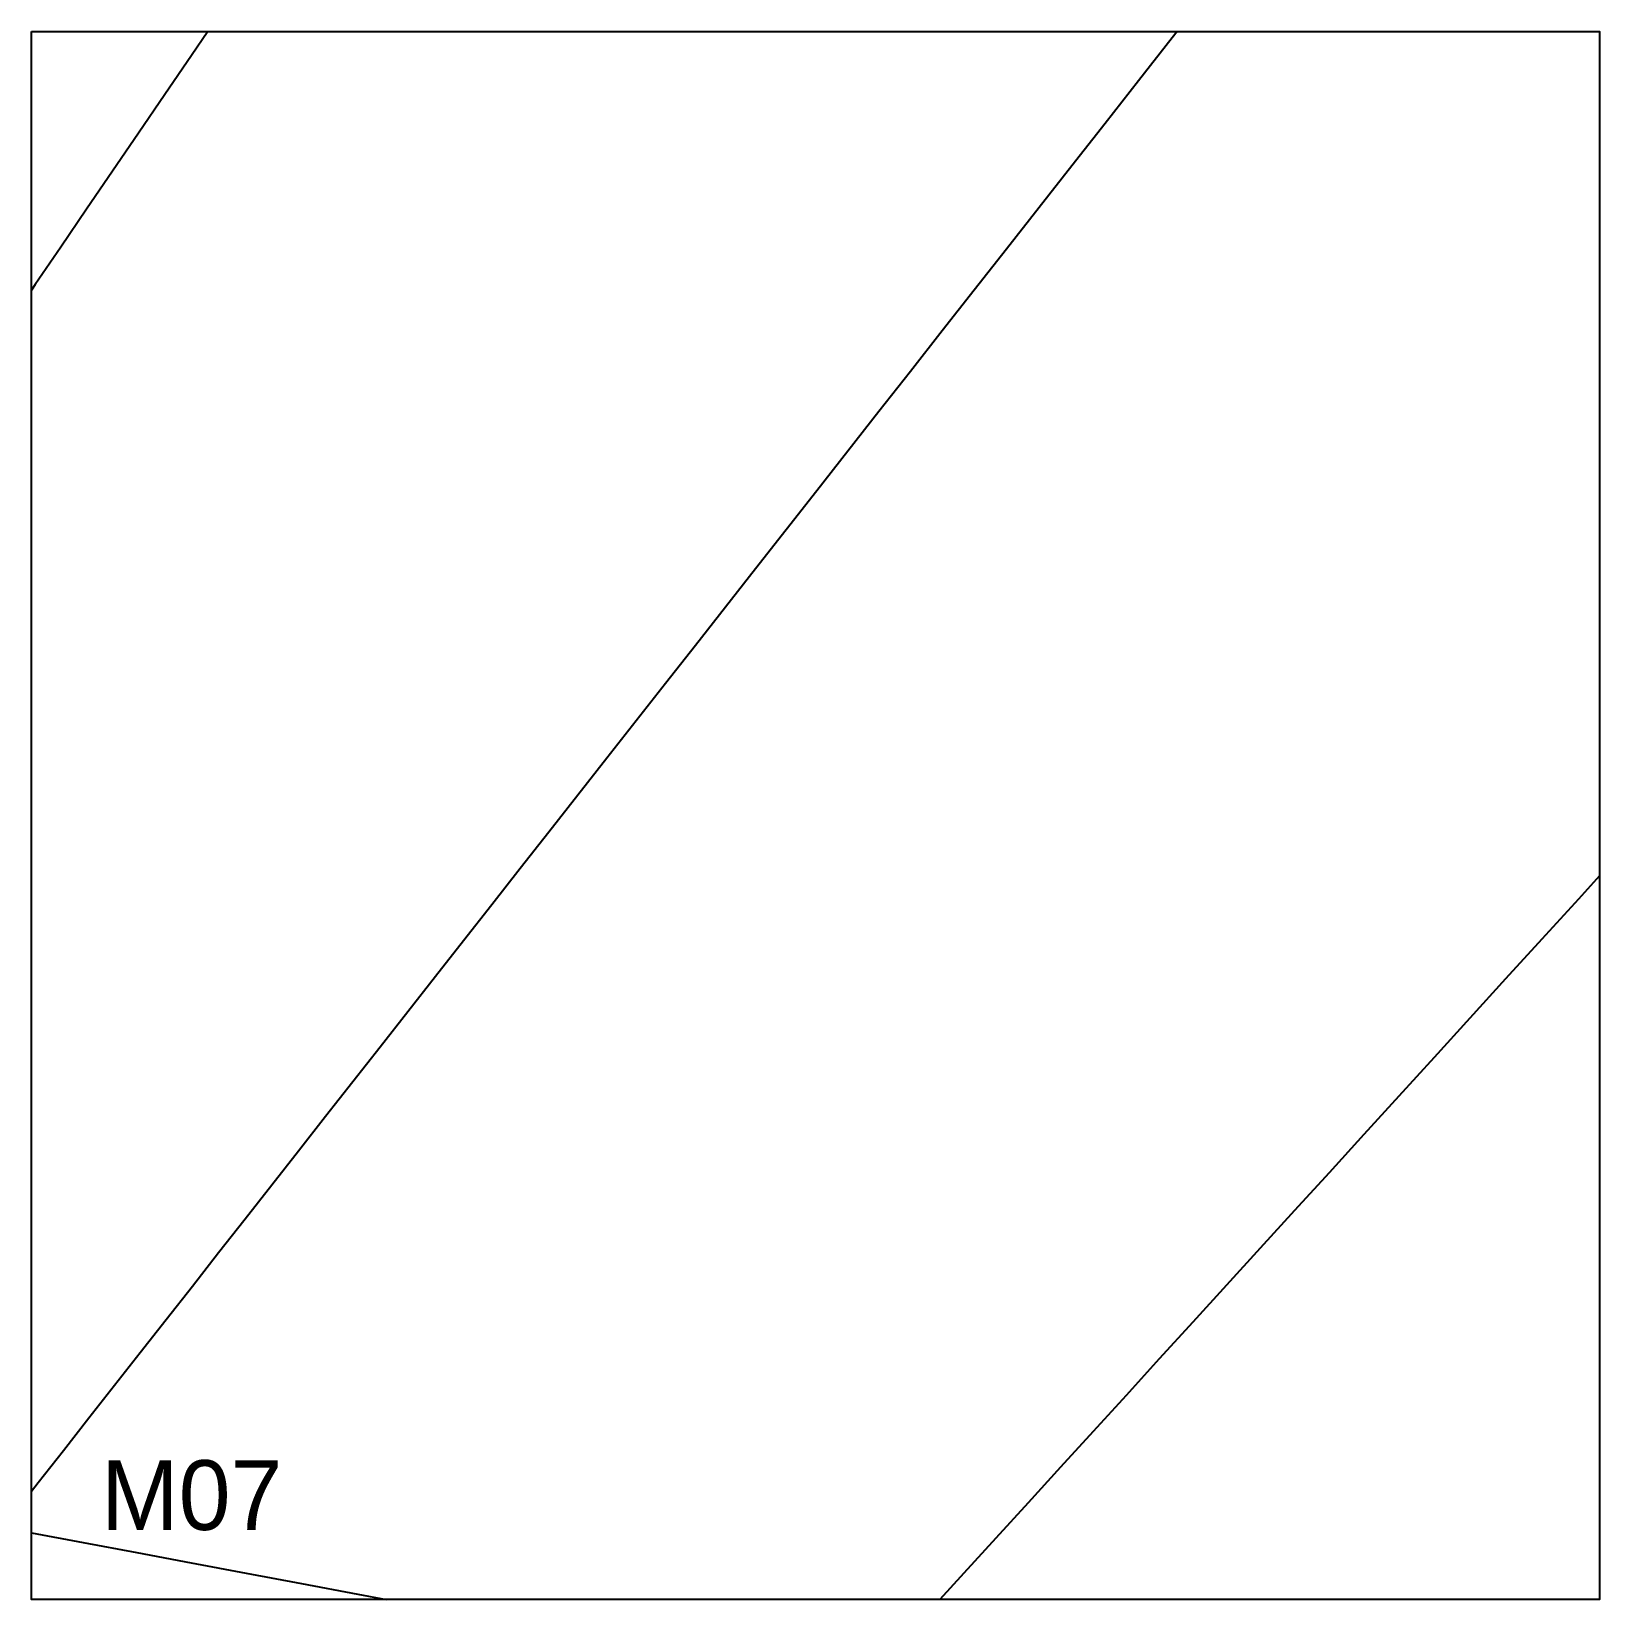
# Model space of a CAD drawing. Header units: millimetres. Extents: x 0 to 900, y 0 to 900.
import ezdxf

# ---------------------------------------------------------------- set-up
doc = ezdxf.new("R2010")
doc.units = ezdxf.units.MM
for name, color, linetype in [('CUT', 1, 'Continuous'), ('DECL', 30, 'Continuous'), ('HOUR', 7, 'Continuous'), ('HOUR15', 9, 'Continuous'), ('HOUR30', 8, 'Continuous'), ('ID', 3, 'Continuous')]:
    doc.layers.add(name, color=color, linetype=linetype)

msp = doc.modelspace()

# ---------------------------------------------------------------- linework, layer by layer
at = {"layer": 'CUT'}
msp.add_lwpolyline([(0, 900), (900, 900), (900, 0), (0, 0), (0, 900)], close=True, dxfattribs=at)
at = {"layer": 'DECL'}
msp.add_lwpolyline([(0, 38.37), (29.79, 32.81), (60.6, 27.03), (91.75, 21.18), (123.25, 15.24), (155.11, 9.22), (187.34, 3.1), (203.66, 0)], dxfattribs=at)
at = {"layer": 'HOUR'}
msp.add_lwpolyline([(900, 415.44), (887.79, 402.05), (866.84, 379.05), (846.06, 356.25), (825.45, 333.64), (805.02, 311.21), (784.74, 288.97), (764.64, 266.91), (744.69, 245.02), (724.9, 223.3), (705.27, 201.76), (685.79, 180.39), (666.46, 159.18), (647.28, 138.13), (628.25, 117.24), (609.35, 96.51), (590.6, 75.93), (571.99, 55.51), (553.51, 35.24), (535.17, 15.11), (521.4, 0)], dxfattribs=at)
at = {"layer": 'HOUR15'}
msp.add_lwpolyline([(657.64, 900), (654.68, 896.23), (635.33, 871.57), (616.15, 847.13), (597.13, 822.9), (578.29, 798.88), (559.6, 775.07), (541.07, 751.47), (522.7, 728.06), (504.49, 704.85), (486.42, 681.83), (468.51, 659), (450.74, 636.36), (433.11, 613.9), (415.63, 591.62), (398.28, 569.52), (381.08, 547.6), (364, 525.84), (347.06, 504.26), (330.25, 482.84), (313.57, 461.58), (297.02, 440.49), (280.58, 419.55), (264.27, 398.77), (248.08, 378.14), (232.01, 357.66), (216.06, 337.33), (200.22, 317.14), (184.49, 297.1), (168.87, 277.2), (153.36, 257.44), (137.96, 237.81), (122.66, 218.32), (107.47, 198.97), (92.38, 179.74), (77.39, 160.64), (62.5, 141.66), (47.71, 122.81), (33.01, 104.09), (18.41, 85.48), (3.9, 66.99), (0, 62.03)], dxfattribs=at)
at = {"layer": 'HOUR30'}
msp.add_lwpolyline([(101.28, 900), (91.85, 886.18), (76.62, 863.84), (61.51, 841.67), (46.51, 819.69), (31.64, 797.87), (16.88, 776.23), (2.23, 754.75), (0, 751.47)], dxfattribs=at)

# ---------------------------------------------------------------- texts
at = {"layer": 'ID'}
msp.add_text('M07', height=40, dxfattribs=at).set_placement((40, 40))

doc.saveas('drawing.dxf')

_ _ _

WHAT YOU ARE ASKED TO DO:
If a line of the listing above holds the string "color", copy it.

RESULT:
for name, color, linetype in [('CUT', 1, 'Continuous'), ('DECL', 30, 'Continuous'), ('HOUR', 7, 'Continuous'), ('HOUR15', 9, 'Continuous'), ('HOUR30', 8, 'Continuous'), ('ID', 3, 'Continuous')]:
    doc.layers.add(name, color=color, linetype=linetype)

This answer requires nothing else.